Post-transplantation recurrence is both a clue to the pathogenesis and a problematic and distinct clinical feature. The idiopathic form of the disease reoccurs in 30–50% of cases in a newly transplanted kidney (sometimes within minutes or hours)—an event not convincingly seen to occur in the genetic forms of the disease to date. The disease can be attenuated by intensive plasma exchange in those patients. This strongly implies that circulating plasma contains elements that directly target the podocyte and disrupt cytoskeletal dynamics, and it can be reasonably implied that proteins revealed to be responsible for genetic FSGS play a key part in the unique response of podocytes to human plasma in disease.
Recently, using the burgeoning knowledge of podocyte biology detailed above and the sophisticated in vitro and in vivo tools now available [58], [59], [60], researchers have begun to approach this disease from a new perspective. Wei et al. discovered that levels of the circulating urokinase receptor suPAR are elevated in recurrent FSGS, and cause podocyte foot processes via β3 integrin in a mouse model of proteinuria [61].
We have utilized the resource of conditionally immortalized human podocytes [58] and discarded disease plasma from these patients to study altered slit diaphragm and cytoskeletal signaling that may be specific to this disease. We demonstrated a consistent response in which disease plasma relocalized the Slit Diaphragm proteins nephrin, podocin, and CD2AP to the cytoplasm, and caused enhanced cellular calcium influx [62]. Strikingly, this response was entirely dependent on the presence of nephrin, thus conferring a podocyte cell specificity on this aberrant response, and perhaps going some way to explaining why it appears that only the podocyte is affected by abnormalities in systemically circulating plasma. We went on to show that hemopexin, a circulating plasma protease previously identified as a putative “circulating factor” in NS, causes dramatic reorganization of actin in podocytes, which again is entirely nephrin dependent [63].
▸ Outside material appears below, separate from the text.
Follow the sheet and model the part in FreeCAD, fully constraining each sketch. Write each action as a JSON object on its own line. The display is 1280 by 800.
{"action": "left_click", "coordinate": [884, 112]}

The question that follows these observations relates to what the downstream effects are on the cytoskeleton in response to plasma. We have recently identified phosphorylation of specific actin-regulating proteins in response to FSGS relapse plasma, compared with remission plasma, and that FSGS relapse plasma causes enhanced podocyte motility compared with relapse or control plasma (unpublished data). These disease-specific insights will help build information on how the podocyte cytoskeleton is altered in disease, as well as pointing towards specific receptors on the cell surface that may be responsible for initiating the cascade of events.
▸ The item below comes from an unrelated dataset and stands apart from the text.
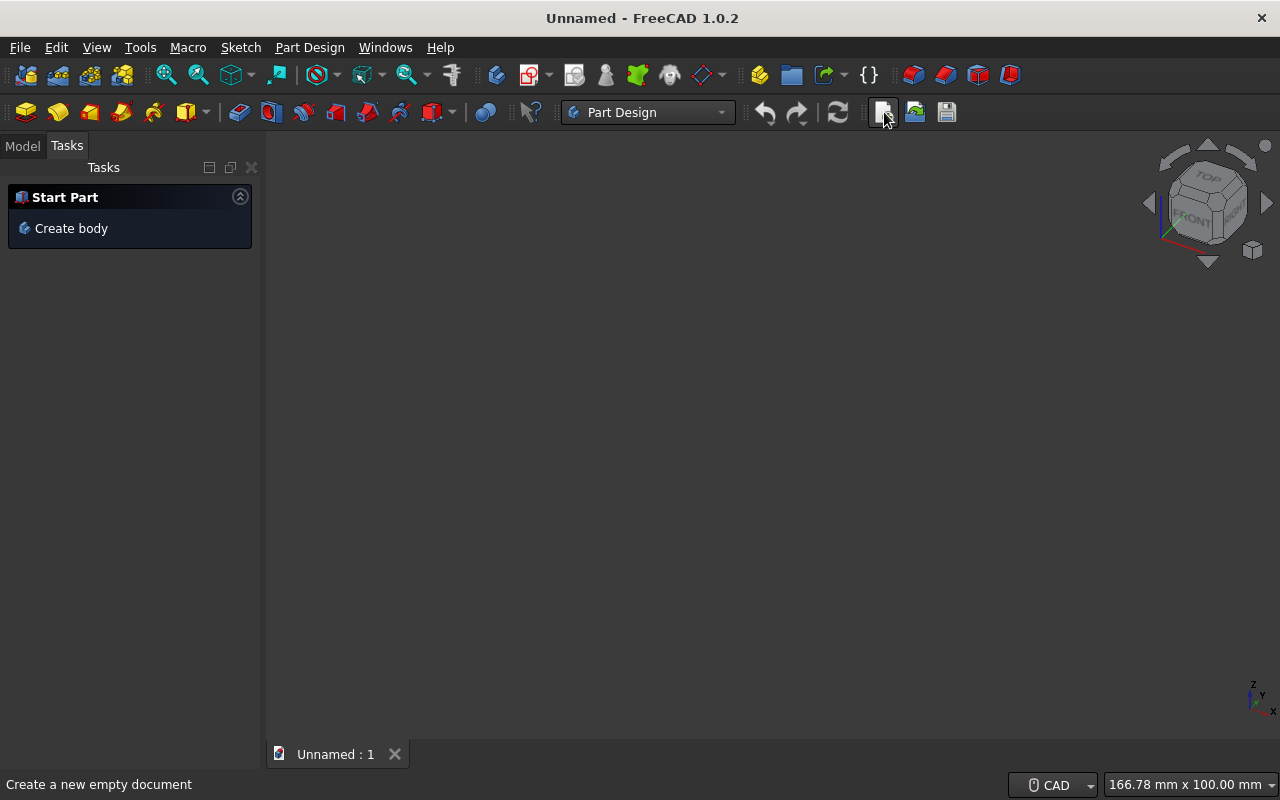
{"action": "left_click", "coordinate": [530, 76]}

A phenomenal amount has been discovered about the molecules and pathways in the podocyte and how these are modified in both human and animal models of NS. There are now many potential targets for novel therapies to be developed for NS, which hopefully will be podocyte specific and without the adverse effects of current therapies. However, there is still much to be learnt, as it is not entirely clear how all these pathways are linked or how tightly regulated these molecules need to be in their normal nondiseased state.